#### Excerpted data ####

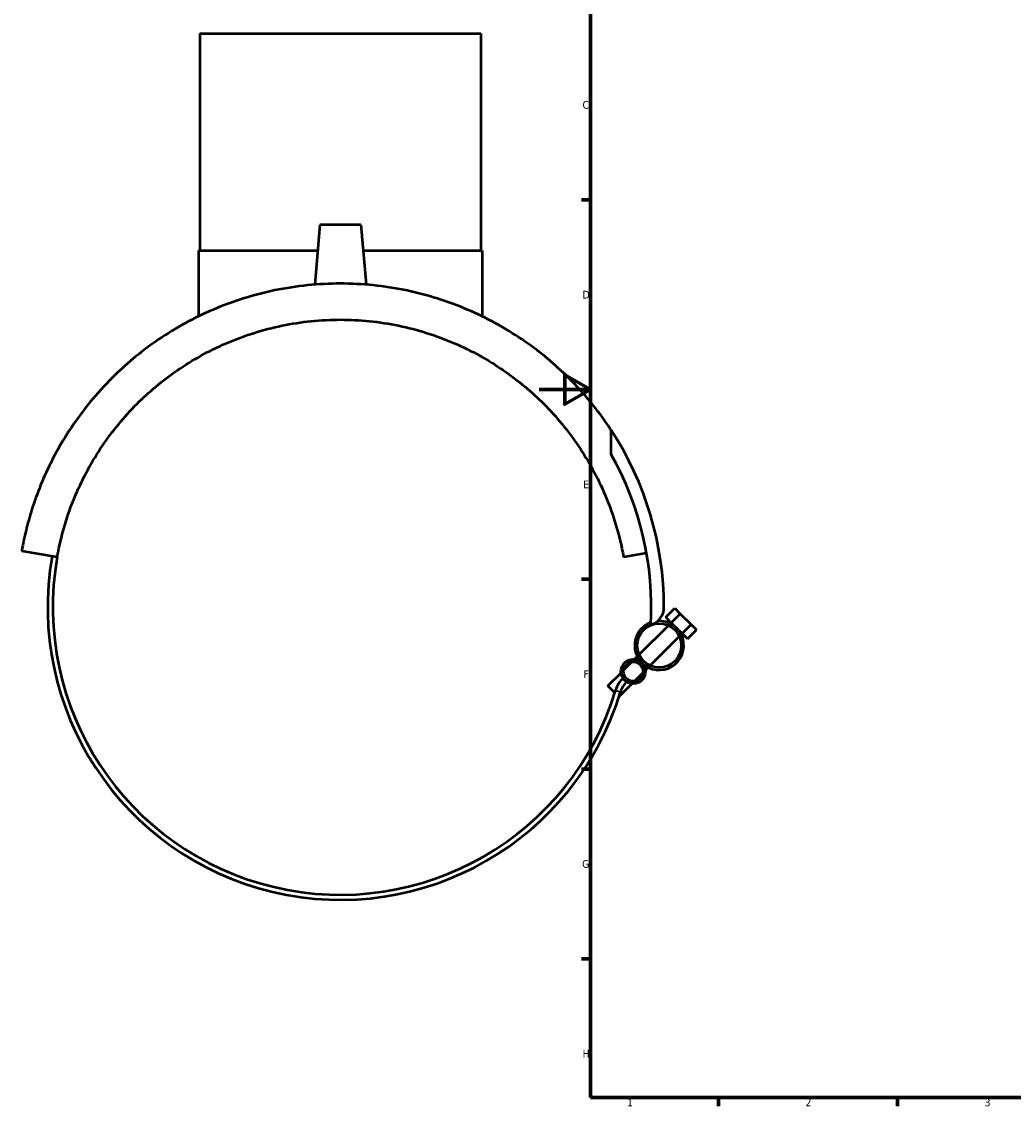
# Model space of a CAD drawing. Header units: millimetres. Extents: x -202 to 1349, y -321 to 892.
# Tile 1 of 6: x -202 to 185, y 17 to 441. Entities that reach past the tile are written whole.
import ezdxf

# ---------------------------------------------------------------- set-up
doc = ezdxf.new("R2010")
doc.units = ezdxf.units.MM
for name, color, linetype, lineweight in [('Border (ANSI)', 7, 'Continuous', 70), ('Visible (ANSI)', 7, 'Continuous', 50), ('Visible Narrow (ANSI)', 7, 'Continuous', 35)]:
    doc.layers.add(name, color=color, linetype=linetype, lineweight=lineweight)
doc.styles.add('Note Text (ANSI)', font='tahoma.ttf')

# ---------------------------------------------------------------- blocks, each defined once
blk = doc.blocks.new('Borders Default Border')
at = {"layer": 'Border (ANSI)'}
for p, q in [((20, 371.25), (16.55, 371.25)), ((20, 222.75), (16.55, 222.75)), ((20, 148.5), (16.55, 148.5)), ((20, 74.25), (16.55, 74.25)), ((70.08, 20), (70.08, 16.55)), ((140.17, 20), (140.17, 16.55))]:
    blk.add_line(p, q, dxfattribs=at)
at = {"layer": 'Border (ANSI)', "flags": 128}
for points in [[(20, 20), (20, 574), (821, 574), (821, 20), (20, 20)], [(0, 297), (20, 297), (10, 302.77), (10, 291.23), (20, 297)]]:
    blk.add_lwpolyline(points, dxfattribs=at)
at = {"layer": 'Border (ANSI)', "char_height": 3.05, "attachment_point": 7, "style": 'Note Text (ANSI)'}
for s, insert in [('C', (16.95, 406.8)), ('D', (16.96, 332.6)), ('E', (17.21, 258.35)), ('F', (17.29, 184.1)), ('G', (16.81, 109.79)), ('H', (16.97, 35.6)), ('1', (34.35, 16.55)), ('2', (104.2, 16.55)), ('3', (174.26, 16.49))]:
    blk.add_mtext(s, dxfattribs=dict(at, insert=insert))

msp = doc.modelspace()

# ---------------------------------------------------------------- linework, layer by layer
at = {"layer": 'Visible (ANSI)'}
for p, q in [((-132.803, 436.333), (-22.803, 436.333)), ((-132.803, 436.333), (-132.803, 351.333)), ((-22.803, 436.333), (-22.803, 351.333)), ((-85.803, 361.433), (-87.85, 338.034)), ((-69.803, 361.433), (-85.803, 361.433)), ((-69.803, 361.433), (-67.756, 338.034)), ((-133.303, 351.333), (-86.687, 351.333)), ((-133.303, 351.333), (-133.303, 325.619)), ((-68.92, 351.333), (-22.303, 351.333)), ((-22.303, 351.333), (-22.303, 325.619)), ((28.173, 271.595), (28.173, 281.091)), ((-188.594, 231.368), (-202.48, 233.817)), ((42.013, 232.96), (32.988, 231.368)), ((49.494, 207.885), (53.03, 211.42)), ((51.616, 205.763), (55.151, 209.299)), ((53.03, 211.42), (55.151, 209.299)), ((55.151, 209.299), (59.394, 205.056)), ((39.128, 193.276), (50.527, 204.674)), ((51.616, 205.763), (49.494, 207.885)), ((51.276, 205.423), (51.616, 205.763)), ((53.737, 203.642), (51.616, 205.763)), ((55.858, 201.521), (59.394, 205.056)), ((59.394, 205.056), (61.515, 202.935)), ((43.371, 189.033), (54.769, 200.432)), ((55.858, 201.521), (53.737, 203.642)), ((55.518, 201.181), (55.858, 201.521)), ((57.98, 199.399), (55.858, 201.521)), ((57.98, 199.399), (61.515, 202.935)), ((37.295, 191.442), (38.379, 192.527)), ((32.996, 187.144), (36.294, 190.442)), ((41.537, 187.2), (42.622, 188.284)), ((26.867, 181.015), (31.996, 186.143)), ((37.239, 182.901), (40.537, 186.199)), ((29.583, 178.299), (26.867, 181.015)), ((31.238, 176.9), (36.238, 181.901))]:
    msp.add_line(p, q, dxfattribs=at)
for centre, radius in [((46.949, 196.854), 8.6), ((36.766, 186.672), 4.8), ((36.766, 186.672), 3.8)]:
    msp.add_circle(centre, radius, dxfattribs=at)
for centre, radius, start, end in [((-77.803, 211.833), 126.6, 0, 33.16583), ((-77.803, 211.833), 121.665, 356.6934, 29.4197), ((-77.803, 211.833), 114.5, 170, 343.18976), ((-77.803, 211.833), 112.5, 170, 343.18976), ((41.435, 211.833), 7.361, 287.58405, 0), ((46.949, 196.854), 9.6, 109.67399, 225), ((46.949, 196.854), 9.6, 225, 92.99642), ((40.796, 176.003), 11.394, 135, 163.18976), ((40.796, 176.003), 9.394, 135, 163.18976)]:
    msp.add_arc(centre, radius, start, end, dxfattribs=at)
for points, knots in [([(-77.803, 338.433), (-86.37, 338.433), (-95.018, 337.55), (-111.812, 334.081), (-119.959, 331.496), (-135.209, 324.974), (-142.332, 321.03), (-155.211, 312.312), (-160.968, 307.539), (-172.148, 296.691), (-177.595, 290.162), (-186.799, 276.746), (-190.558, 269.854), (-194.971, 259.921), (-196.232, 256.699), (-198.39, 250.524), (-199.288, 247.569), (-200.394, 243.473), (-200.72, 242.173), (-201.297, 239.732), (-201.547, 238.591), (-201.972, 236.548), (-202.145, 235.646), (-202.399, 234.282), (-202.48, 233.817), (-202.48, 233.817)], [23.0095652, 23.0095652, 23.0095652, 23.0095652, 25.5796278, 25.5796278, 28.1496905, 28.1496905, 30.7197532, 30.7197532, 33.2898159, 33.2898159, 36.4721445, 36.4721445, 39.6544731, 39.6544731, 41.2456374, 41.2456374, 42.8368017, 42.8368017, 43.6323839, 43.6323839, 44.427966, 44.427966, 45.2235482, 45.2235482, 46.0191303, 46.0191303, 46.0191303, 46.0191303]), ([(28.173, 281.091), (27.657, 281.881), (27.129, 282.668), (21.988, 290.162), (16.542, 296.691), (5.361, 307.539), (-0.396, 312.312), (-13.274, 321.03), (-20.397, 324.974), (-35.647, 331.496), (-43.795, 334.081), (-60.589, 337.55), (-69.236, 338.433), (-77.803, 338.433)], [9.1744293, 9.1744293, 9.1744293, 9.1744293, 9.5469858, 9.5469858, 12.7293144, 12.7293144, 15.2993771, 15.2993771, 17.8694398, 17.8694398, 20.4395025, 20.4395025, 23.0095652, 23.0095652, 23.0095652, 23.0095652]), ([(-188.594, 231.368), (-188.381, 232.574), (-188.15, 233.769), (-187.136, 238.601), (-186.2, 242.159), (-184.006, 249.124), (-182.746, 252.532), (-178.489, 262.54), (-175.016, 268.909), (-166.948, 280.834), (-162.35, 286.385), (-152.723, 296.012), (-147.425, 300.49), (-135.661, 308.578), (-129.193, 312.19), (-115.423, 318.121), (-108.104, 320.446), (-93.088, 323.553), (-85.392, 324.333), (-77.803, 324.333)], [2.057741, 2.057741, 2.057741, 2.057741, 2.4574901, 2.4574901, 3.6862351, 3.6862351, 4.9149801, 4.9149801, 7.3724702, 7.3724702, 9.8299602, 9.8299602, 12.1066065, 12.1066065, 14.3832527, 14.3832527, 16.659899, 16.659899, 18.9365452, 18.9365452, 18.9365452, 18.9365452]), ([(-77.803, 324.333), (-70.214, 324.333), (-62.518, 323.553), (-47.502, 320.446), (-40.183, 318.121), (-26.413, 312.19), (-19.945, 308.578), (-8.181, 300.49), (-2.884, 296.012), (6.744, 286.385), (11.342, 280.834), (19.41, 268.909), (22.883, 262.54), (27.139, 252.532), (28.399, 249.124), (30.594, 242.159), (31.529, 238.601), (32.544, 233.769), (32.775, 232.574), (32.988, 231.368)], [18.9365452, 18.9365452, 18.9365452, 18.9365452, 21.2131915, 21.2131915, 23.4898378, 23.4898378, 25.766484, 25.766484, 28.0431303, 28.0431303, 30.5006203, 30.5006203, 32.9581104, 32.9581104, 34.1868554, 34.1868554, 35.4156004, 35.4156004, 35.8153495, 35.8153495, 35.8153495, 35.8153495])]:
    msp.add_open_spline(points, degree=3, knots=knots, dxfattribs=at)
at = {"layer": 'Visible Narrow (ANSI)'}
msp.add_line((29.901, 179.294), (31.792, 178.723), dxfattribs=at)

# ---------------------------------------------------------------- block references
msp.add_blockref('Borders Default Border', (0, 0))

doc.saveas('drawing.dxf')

####

- [Work to be completed] Tell how many lines in the material above include the word "Visible", giving the number only.

- [Answer to the exercise] 3